# The sum of two prime numbers is 85. what is the product of these two prime numbers?

The sum of two prime numbers is 85. what is the product of these two prime numbers?

X = Suppose X is a prime number.

Y = Suppose Y is a prime number.

X+Y = 85

First See: 1 and 84: 1 is, not a prime number, 84 is not a prime number.

Now See 2 and 83: both numbers are prime numbers.

• 3, 82
• 4, 81
• 5, 80
• 6, 79, etc…

All even numbers are paired with a possible odd prime number,  therefore both won’t be prime numbers because the only even prime number is 2.
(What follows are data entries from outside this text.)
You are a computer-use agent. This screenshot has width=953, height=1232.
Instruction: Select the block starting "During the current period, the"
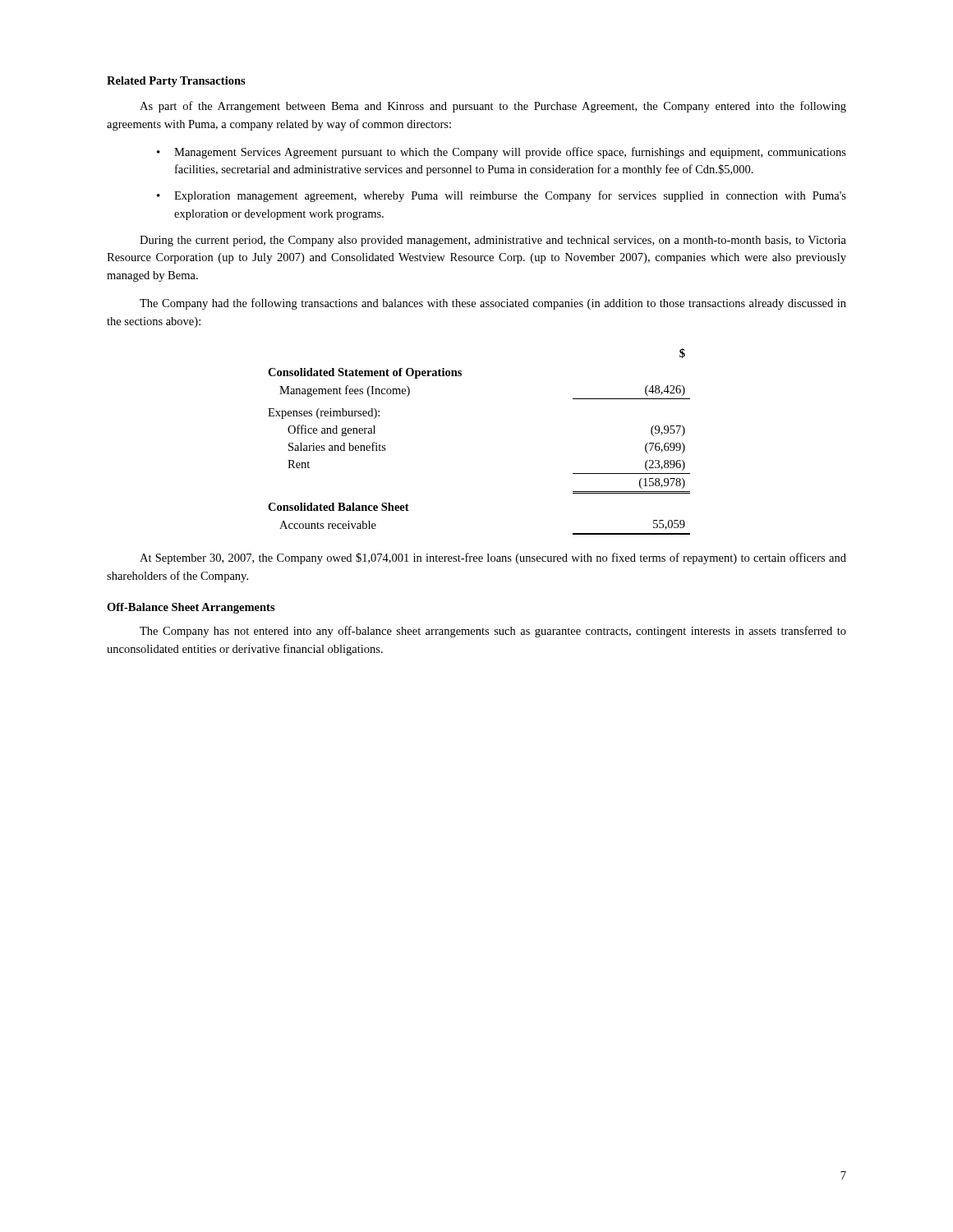pos(476,257)
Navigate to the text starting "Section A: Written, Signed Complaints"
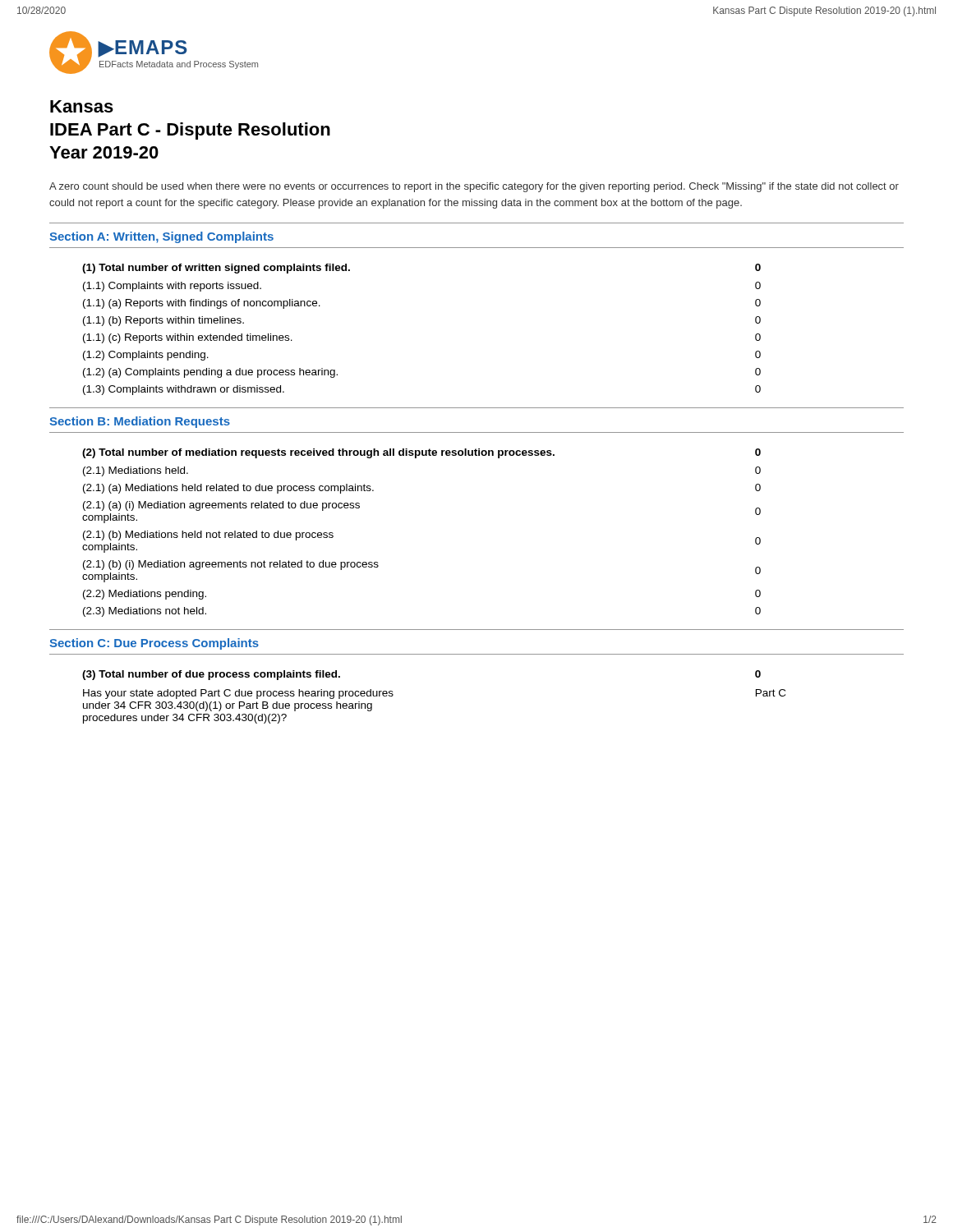953x1232 pixels. [162, 236]
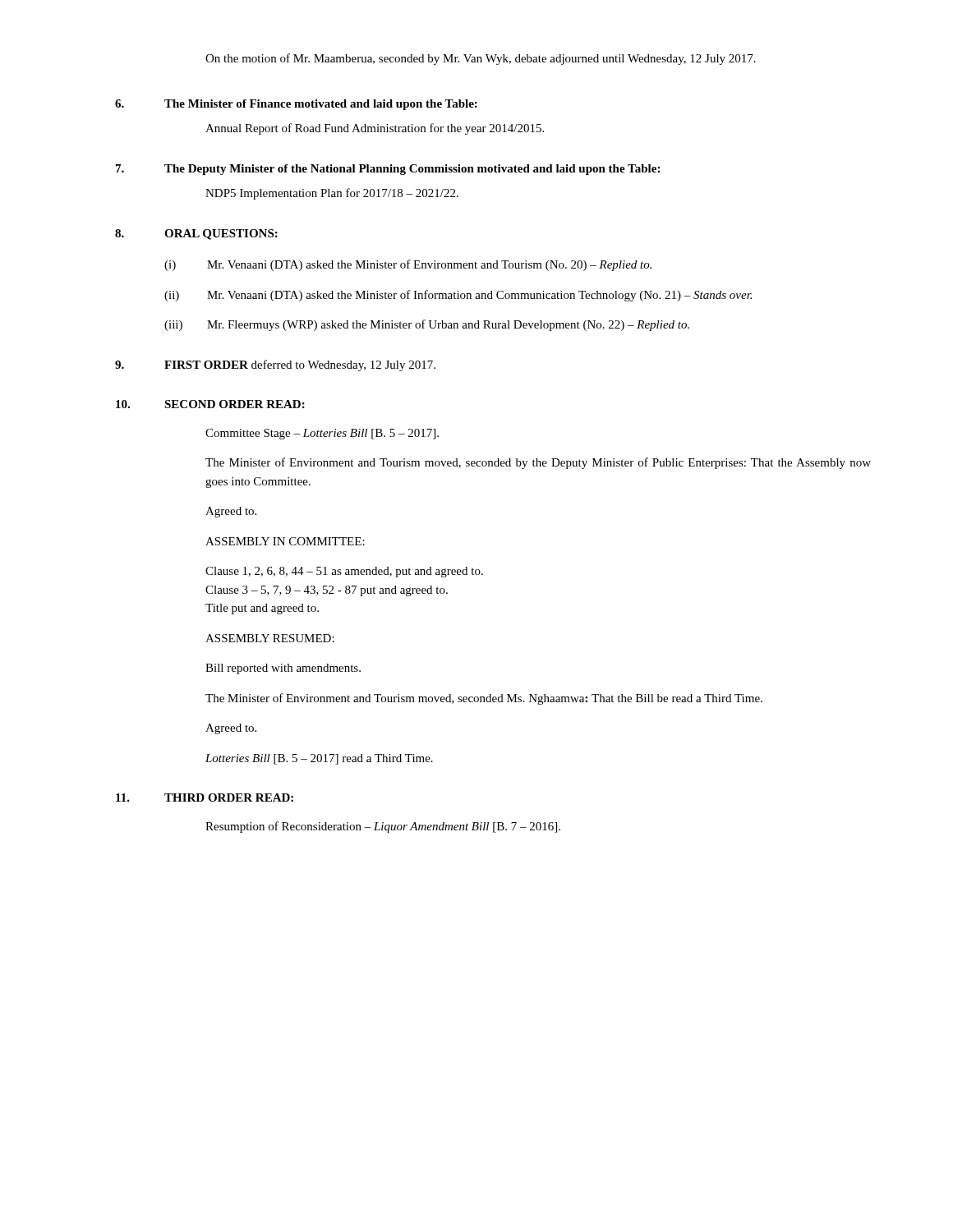Viewport: 953px width, 1232px height.
Task: Select the text block that says "Resumption of Reconsideration – Liquor Amendment Bill"
Action: point(383,826)
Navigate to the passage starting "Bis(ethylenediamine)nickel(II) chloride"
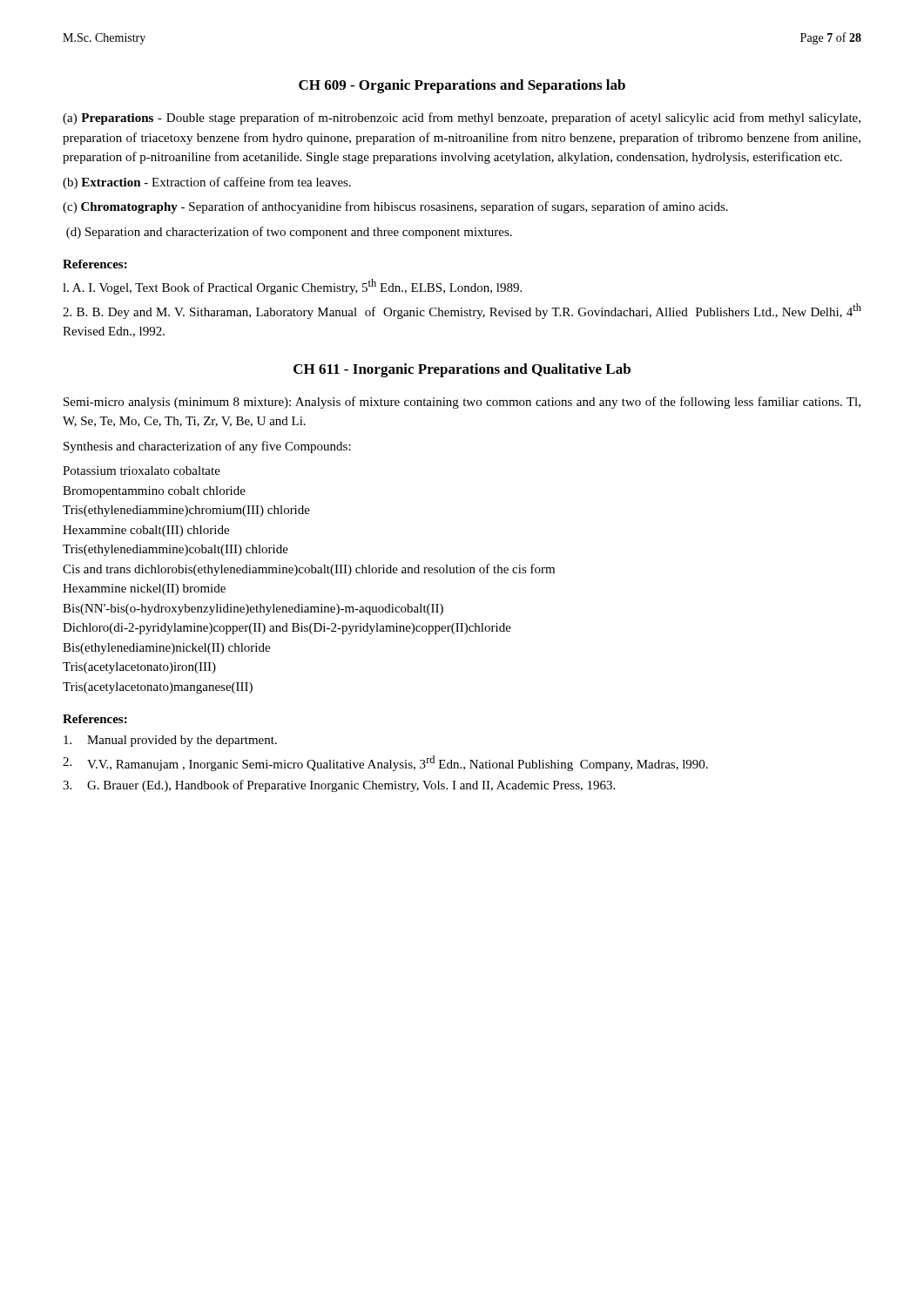This screenshot has width=924, height=1307. [166, 649]
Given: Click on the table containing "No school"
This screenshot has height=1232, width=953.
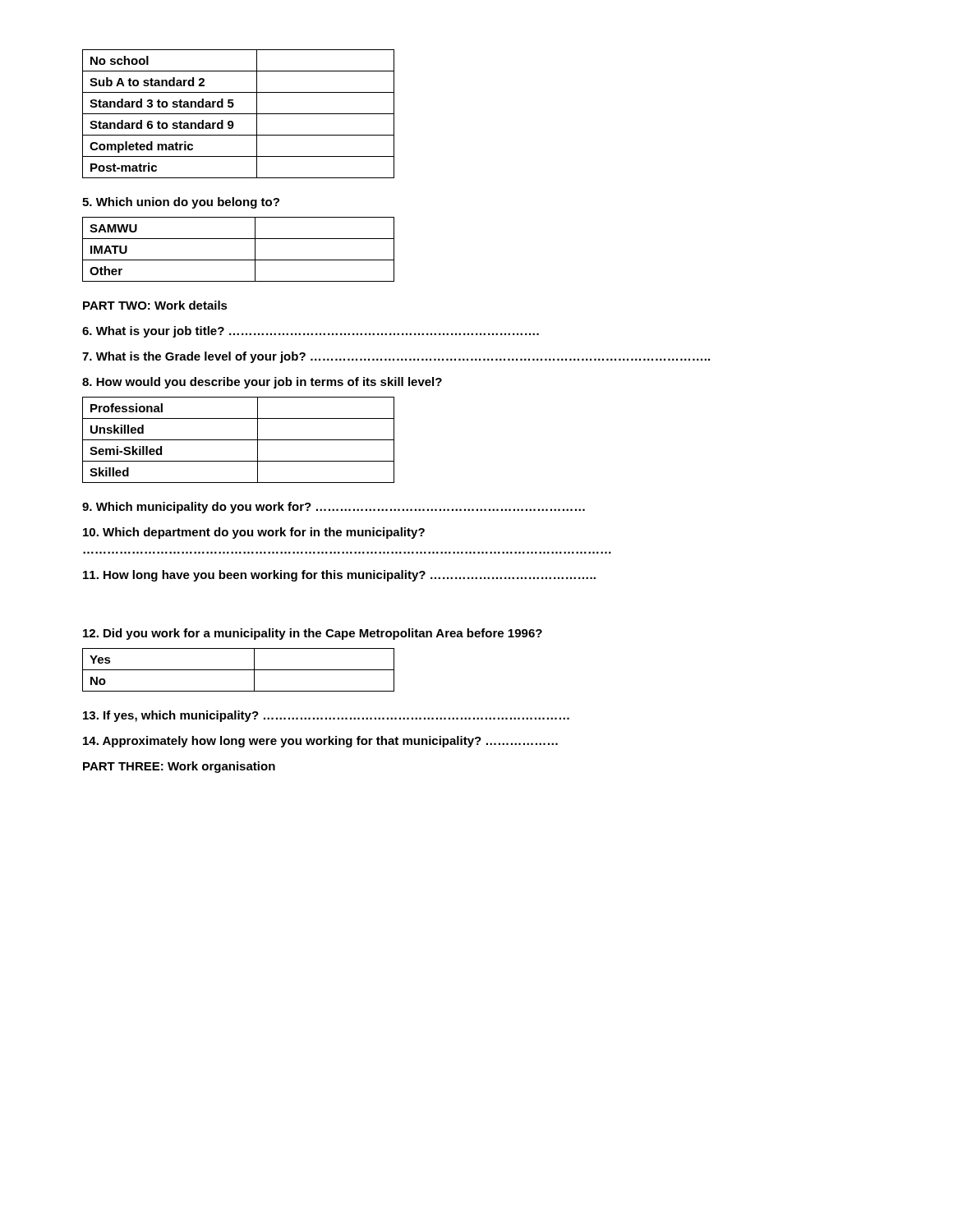Looking at the screenshot, I should click(x=476, y=114).

Similarly, If we count back, All evens from 80 then these are paired with possible odd primes numbers, however, the even numbers can’t be be considered as prime numbers.

The one and only one possible solution is the pair of two numbers and the numbers are 2 and 83 and the product of 2 and 83 is 166.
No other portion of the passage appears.